女佣把兔子玩偶抽出来,一起塞进编织篓,准备带去洗衣房一道洗,没有注意到玩偶脸上一只玻璃眼珠滚落地毯,消失在墙角。
不过她们并没能顺利去划船。
抵达湖边时,锡娜遇到了她的未婚夫,那个在新生舞会上笑容腼腆的小伙子,听他说是被自己父亲邀请来散心后,锡娜不得不先让她们先去玩,自己跟人寒暄几句。
乔姬不会划船,伊荷一个人也划不动,俩人干脆找了个有树荫的空地铺了张格子布坐下,边写作业边等锡娜。

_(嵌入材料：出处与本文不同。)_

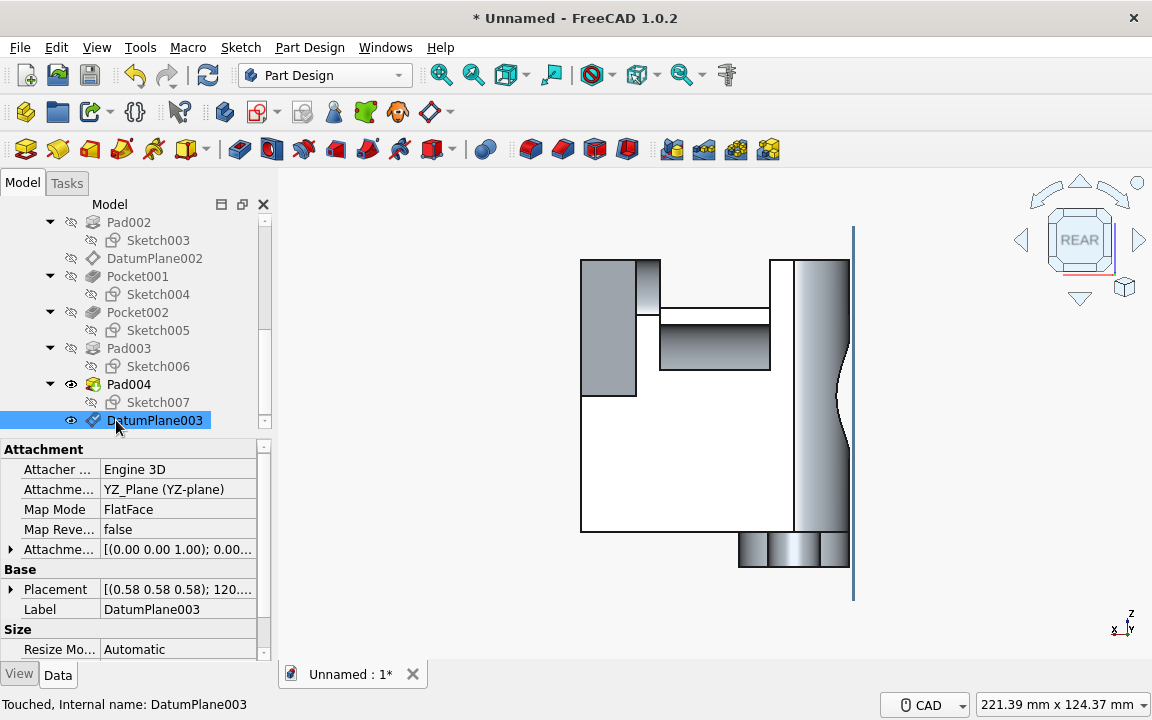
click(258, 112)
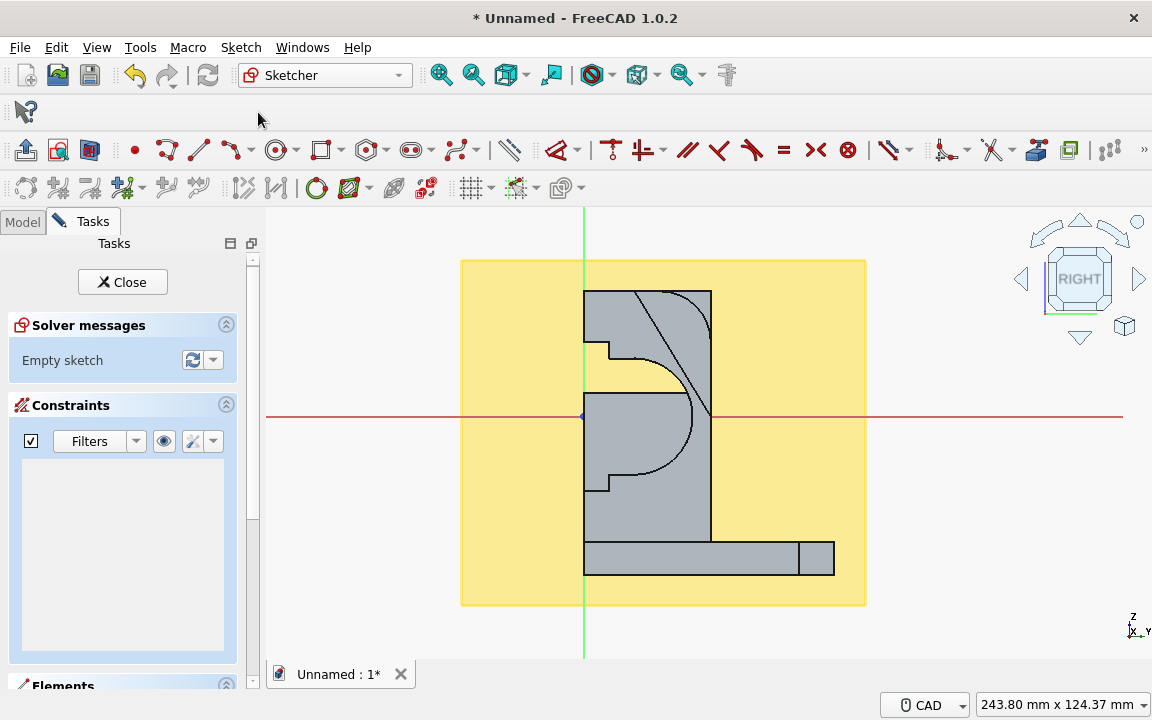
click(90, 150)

阳光烤得草地散发出好闻的香气,伊荷写了没两页就感到昏昏欲睡。
乔姬注意到她浓浓的倦意,“你昨晚没睡好吗?”
伊荷打了个哈欠:“很明显。”
被两个人挤在中间的缝隙,晚上翻身都翻不动,而且她本来也不习惯和别人一起睡,能睡好才奇怪了。
乔姬也想到了这点,不好意
思地笑了下,“对不起啦。”
都怪锡娜非要讲那么可怕的故事,害她不敢一个人睡。
伊荷看了眼远处的锡娜和她的未婚夫,合上练习册,揉了揉眼,“乔姬,想打会儿盹,等锡娜回来,记得叫醒我。”
“没问题。”
伊荷在格子布上找了块地方,侧躺着阖上眼。
“只是标本而已,不要害怕。”
嘉蒂安慰道,“你看它们,长得不是很像你的父母吗?多看看,说不定就没那么难过了。”
拉莫:“嘎!”
到底哪个蠢货会通过干尸来缅怀亲人?
这个女人的脑子是不是被工作压榨干净了!
等他恢复了身体、等他——他一定要——
鸟头颤抖得好像打摆子,翎毛在她手心发着颤。
嘉蒂终于意识到她的宠物鸟似乎在害怕,她连忙把他揣进怀里,遮住他的黑豆眼,“好了好了,不看就不看嘛。我带你回去。”